Peeta stared forward unblinking and didn't even look back at Haymitch. "Get Katniss," he ordered.

But Haymitch shook his head. "Nope. Can't have both of you gone. Remember, ten minutes. Don't worry about the girl, I'll watch her."

And then he was gone.

It took Peeta three seconds to haul himself over the edge of the rail and hit the sand.

The ocean in all its glory spread out before him in waves of black ink. The wind was high and made his hair askew almost immediately. He saw birds dipping and swooping on the surface of the water, occasionally shrieking before wheeling away. They weren't melodious like the birds in Twelve, but something about their call tugged at him deeply. And the boom, the sound that was too much like the canons announcing death in the games, was all encompassing here. Loud and imposing, it seemed to threaten their ridiculous gala while the birds laughed shrilly at how they were all nothing but a carnival of homemade horrors.

It told him to look and see and smell.

This was reality.

He'd never seen something without an end before.

Shoes and socks removed, he wandered through the sand like a child in a mythical world. Dirt never felt as clean as the earth beneath his feet. And it sparkled! In the moon's glow, the sand shimmered like Katniss' dress. Now that he was close to it, the waves were too melodious to sound like canons. They gurgled and slurped and hissed in between the great crashes and he wanted - needed - to get closer to that sound. And then his feet were in water so cold it burned and the ocean was so loud that finally, finally, he couldn't hear his own thoughts and he imagined maybe the salt water can wash away some of the slime that was oozing out of his pores.

It was all so big and loud and infinite, and he was so very very small. Maybe he'd found a place that can drown out his problems, a body of water big enough to wash away his sins? The very idea of ever being clean again made him laugh, but he couldn't hear it over the water.

It was so comforting not to be able to hear his own voice.

He imagined for a moment, the water rising up and drowning them all, like when the Gamekeepers released the dam in Annie Cresta's arena. He wondered, if the ocean just decided to rise up and swallow them, what exactly could anyone do? How could anyone feel powerful next to something like this? How could anyone feel significant?

He knew if he went into the water he'd drown, and his time was running out anyway. He imagined being able to swim and what it would feel like to churn through those icy waters and never look back. He wondered if Katniss knew how to …

And for the first time since his name was drawn from the Reaping bowl he was glad she wasn't with him.

He was sure she could swim, or if she couldn't, she'd be able to figure it out.

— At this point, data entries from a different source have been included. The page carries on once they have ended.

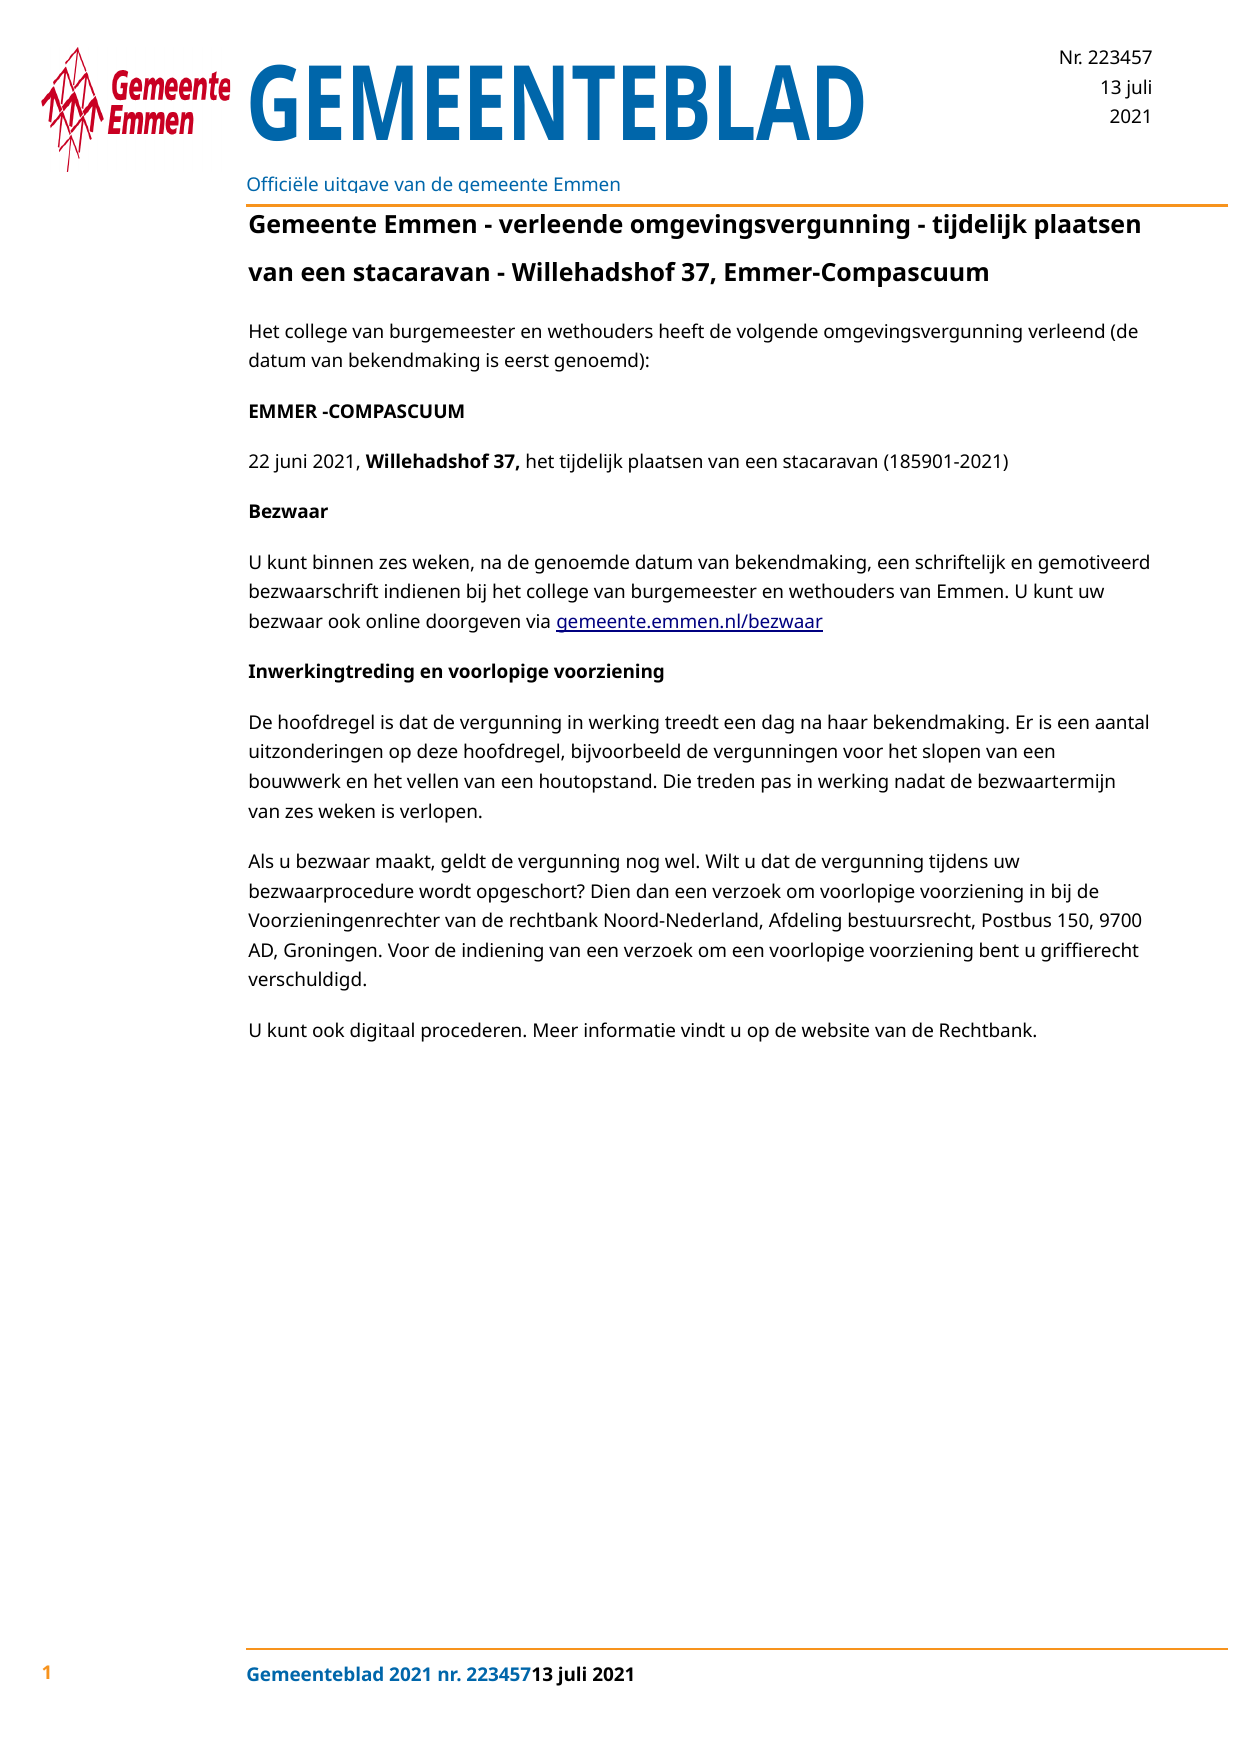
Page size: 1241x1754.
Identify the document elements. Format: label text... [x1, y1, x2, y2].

text Inwerkingtreding en voorlopige voorziening [248, 659, 1152, 684]
text 22 juni 2021, Willehadshof 37, het tijdelijk plaatsen van een stacaravan (185901-2021) [248, 448, 1152, 474]
text De hoofdregel is dat de vergunning in werking treedt een dag na haar bekendmaking. Er is een aantal uitzonderingen op deze hoofdregel, bijvoorbeeld de vergunningen voor het slopen van een bouwwerk en het vellen van een houtopstand. Die treden pas in werking nadat de bezwaartermijn van zes weken is verlopen. [248, 709, 1152, 824]
text Bezwaar [248, 499, 1152, 524]
text U kunt binnen zes weken, na de genoemde datum van bekendmaking, een schriftelijk en gemotiveerd bezwaarschrift indienen bij het college van burgemeester en wethouders van Emmen. U kunt uw bezwaar ook online doorgeven via gemeente.emmen.nl/bezwaar [248, 549, 1152, 634]
picture [41, 47, 231, 172]
text Het college van burgemeester en wethouders heeft de volgende omgevingsvergunning verleend (de datum van bekendmaking is eerst genoemd): [248, 318, 1152, 373]
text Gemeente Emmen - verleende omgevingsvergunning - tijdelijk plaatsen van een stacaravan - Willehadshof 37, Emmer-Compascuum [248, 207, 1152, 288]
text Als u bezwaar maakt, geldt de vergunning nog wel. Wilt u dat de vergunning tijdens uw bezwaarprocedure wordt opgeschort? Dien dan een verzoek om voorlopige voorziening in bij de Voorzieningenrechter van de rechtbank Noord-Nederland, Afdeling bestuursrecht, Postbus 150, 9700 AD, Groningen. Voor de indiening van een verzoek om een voorlopige voorziening bent u griffierecht verschuldigd. [248, 848, 1152, 992]
text U kunt ook digitaal procederen. Meer informatie vindt u op de website van de Rechtbank. [248, 1017, 1152, 1043]
text EMMER -COMPASCUUM [248, 398, 1152, 424]
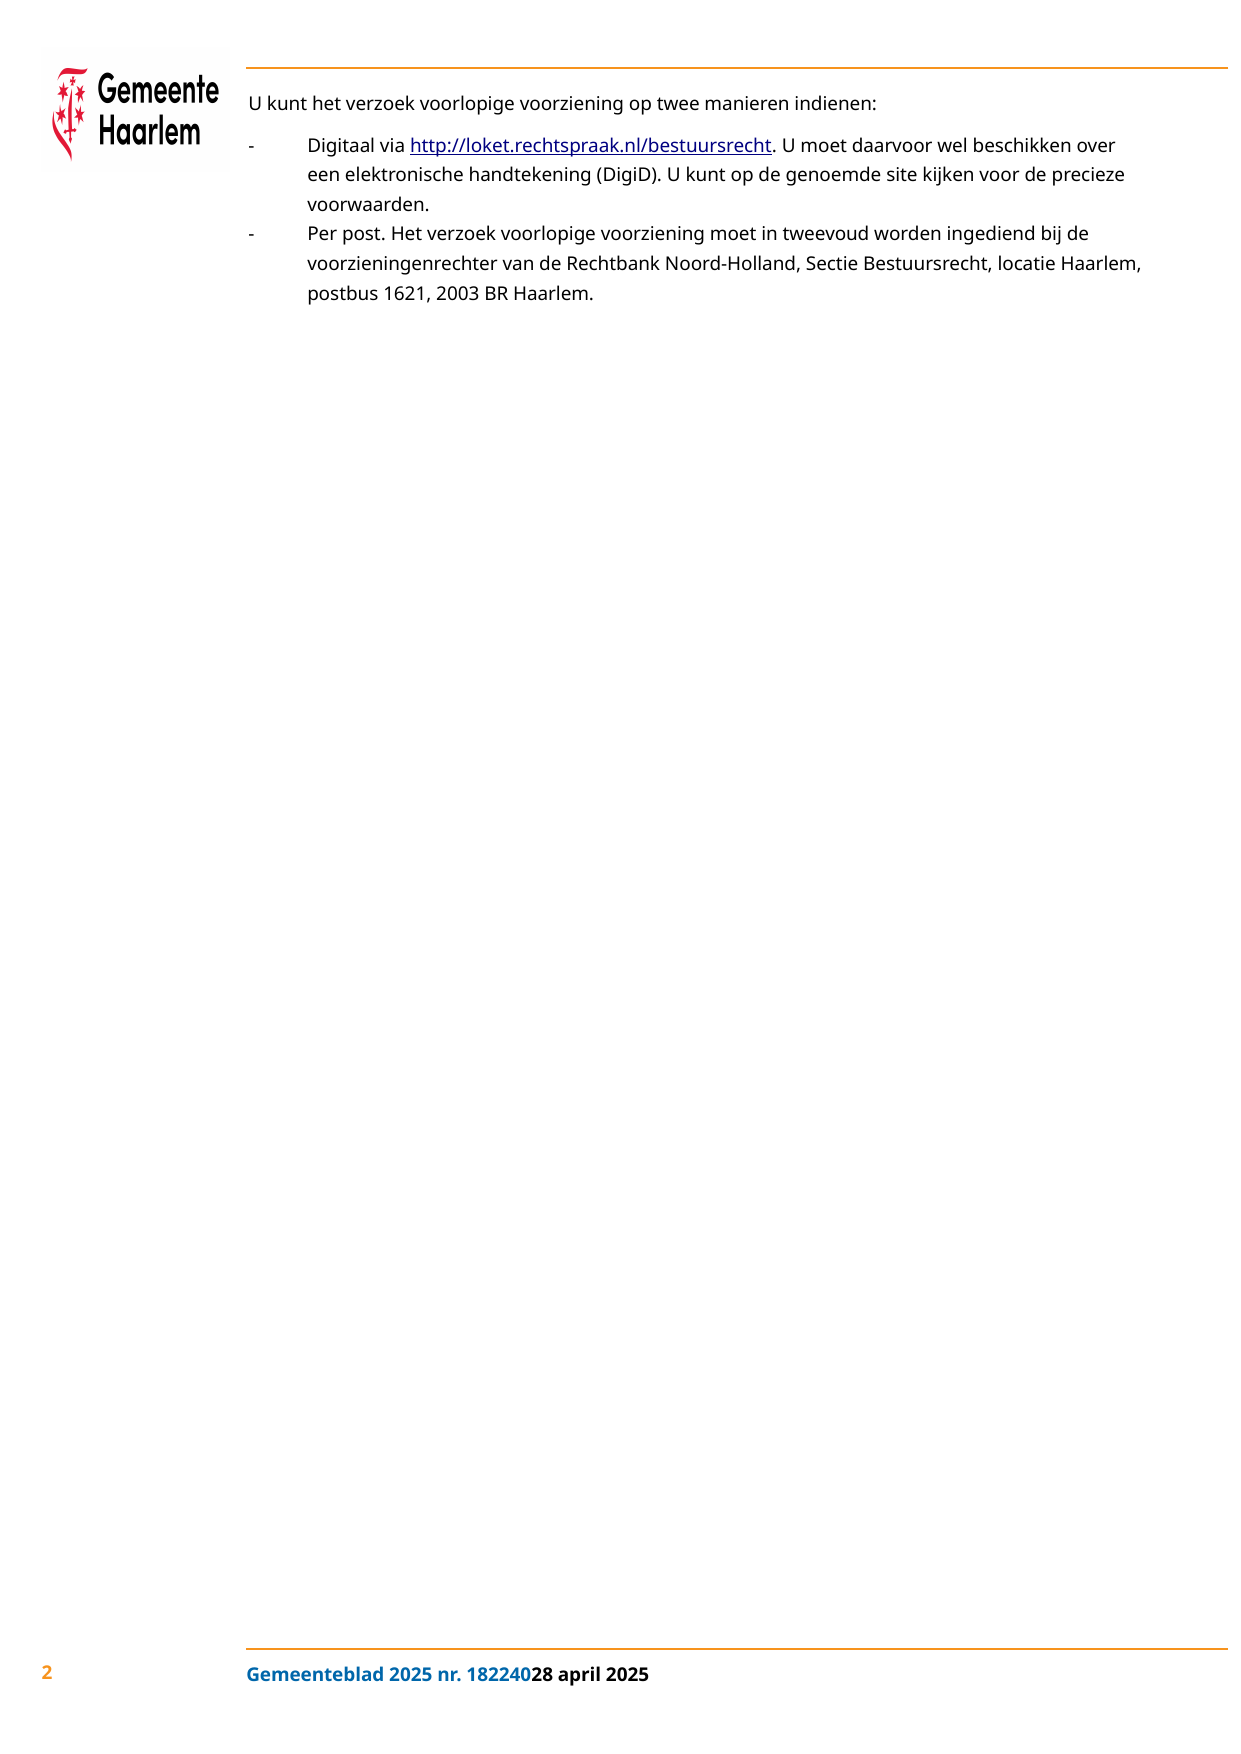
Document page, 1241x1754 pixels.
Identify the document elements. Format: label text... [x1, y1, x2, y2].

list Per post. Het verzoek voorlopige voorziening moet in tweevoud worden ingediend bij de voorzieningenrechter van de Rechtbank Noord-Holland, Sectie Bestuursrecht, locatie Haarlem, postbus 1621, 2003 BR Haarlem. [248, 221, 1152, 305]
picture [41, 47, 231, 172]
text U kunt het verzoek voorlopige voorziening op twee manieren indienen: [248, 95, 1152, 114]
list Digitaal via http://loket.rechtspraak.nl/bestuursrecht. U moet daarvoor wel beschikken over een elektronische handtekening (DigiD). U kunt op de genoemde site kijken voor de precieze voorwaarden. [248, 132, 1152, 217]

And then she'd see this endlessness and dart so far away he'd lose her forever. She'd never look back. Never conserve energy for the trip home. He imagined himself left behind with his lies and Haymitch's vomit. His chest seemed to collapse in on itself as he imagined her floating away on the back of the waves.

In the end they were taken on an official tour of the beach. They were dressed in white and told to hold hands as they walked with the water barely washing over their feet, a crowd of photographers shoving cameras at them and hordes of people watching. They weren't allowed to get into the water. Even then Katniss stared out at the sea longingly, and Peeta felt a stab of guilt at how glad he was she couldn't be him on the beach that night.

What kind of person was he, if upon finding the chance to offer her freedom, he didn't?

He stared at the sea, looking for answers, but the waves offered no reply.